## What to do
From the data below, repeat exactly the lines from the line with "Provide a short and direct response. Yes. What is the ratio" to the line with "Provide a short and direct response. No.", both included.

## Information

------------

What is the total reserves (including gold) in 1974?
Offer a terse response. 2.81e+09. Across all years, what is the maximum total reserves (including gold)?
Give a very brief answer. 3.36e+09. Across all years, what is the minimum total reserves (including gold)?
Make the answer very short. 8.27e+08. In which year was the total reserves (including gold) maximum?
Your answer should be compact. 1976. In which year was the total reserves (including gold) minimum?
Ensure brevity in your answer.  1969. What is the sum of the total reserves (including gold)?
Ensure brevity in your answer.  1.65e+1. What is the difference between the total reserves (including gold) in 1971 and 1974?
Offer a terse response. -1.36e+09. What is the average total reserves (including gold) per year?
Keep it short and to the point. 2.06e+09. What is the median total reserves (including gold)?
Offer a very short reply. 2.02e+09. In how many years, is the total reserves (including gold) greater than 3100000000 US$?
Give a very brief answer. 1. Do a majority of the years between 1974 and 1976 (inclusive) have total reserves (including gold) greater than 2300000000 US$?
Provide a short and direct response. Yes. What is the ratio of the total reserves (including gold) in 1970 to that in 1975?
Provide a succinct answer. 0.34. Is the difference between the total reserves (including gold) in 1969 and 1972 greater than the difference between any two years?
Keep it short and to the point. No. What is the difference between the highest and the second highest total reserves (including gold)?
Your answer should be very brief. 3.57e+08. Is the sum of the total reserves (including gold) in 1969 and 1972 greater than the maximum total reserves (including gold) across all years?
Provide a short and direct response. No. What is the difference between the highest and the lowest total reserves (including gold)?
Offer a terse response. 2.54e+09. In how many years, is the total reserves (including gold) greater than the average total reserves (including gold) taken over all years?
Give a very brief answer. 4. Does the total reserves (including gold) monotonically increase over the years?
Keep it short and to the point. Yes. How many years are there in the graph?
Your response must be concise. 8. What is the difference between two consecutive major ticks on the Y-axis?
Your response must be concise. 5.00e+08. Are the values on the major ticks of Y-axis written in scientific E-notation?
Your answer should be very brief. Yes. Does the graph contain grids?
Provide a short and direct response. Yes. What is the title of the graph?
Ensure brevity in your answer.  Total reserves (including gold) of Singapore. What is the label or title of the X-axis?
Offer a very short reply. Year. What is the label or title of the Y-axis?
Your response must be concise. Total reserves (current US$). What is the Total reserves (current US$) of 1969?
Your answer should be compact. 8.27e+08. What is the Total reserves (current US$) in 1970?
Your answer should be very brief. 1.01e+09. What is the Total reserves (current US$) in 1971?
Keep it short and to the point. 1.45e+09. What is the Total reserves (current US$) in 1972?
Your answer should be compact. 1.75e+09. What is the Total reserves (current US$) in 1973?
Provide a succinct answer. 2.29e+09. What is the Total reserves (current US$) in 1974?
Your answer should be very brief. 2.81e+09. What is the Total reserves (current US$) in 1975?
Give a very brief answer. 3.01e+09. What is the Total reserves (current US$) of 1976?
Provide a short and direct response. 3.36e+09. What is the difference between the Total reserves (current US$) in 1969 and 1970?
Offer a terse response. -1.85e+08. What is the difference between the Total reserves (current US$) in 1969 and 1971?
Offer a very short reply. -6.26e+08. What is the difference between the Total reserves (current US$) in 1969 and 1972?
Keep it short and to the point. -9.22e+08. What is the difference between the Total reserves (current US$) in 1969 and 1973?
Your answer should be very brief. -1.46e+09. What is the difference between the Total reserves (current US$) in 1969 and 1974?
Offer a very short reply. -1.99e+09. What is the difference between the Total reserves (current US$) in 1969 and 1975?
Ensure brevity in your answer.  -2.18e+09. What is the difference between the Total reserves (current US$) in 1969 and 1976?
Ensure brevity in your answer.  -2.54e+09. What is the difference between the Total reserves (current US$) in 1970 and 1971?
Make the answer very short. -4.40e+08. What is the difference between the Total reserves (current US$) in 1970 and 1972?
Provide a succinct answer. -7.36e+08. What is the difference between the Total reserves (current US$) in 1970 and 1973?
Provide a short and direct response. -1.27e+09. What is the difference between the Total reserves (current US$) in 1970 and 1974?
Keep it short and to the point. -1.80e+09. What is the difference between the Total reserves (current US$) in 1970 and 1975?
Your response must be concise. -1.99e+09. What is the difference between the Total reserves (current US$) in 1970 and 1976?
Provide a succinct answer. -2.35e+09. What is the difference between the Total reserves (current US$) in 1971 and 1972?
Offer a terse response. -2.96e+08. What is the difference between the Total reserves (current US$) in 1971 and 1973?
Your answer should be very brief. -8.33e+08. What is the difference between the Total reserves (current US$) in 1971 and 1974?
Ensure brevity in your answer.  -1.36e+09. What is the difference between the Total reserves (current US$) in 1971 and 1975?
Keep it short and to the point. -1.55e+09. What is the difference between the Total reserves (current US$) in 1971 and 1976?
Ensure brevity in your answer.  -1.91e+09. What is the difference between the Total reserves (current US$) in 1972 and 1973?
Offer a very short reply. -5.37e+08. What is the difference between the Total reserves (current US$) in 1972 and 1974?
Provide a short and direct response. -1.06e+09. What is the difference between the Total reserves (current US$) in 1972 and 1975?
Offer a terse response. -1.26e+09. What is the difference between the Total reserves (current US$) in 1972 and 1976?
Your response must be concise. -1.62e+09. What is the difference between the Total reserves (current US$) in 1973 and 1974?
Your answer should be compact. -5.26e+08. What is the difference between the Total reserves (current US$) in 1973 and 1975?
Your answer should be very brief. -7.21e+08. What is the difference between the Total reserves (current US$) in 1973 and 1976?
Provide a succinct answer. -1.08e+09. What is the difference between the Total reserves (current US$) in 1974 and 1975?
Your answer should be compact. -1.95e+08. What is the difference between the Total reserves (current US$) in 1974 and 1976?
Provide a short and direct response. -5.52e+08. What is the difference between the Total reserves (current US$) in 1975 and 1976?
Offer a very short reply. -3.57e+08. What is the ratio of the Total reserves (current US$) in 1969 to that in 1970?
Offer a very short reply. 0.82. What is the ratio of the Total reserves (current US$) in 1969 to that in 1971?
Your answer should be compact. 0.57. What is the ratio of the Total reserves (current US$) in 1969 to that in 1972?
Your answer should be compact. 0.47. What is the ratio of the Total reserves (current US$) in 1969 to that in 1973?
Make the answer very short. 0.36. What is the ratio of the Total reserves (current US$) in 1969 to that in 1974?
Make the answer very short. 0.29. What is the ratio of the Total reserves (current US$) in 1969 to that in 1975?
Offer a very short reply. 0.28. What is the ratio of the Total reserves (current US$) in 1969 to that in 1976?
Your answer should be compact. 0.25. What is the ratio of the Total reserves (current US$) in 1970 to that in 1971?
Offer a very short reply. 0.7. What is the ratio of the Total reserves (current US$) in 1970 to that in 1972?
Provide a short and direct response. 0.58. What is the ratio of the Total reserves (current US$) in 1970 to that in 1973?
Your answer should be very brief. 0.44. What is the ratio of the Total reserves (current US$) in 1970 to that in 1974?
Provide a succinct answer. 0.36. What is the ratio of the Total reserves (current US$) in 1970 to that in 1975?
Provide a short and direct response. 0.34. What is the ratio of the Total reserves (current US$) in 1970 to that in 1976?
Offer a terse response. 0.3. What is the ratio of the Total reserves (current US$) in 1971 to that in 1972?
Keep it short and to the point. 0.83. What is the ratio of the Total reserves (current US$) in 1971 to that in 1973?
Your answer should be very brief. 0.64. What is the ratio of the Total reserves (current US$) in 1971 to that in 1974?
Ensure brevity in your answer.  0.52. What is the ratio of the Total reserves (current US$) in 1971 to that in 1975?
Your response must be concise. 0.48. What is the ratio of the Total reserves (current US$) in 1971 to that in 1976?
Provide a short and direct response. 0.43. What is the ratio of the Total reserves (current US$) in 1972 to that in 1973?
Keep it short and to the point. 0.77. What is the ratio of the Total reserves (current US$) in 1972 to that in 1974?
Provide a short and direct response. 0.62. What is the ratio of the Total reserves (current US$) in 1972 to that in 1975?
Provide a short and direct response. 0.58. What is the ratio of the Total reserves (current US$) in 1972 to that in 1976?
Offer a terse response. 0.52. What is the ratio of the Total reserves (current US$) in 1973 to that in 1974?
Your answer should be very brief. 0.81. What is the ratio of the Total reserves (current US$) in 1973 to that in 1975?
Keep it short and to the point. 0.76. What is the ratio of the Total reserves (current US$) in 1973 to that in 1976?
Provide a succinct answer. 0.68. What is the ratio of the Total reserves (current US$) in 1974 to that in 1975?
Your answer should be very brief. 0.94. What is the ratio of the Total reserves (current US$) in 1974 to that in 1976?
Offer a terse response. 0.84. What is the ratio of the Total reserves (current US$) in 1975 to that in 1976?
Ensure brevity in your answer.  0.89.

------------

## Answer to the exercise
Provide a short and direct response. Yes. What is the ratio of the total reserves (including gold) in 1970 to that in 1975?
Provide a succinct answer. 0.34. Is the difference between the total reserves (including gold) in 1969 and 1972 greater than the difference between any two years?
Keep it short and to the point. No. What is the difference between the highest and the second highest total reserves (including gold)?
Your answer should be very brief. 3.57e+08. Is the sum of the total reserves (including gold) in 1969 and 1972 greater than the maximum total reserves (including gold) across all years?
Provide a short and direct response. No. What is the difference between the highest and the lowest total reserves (including gold)?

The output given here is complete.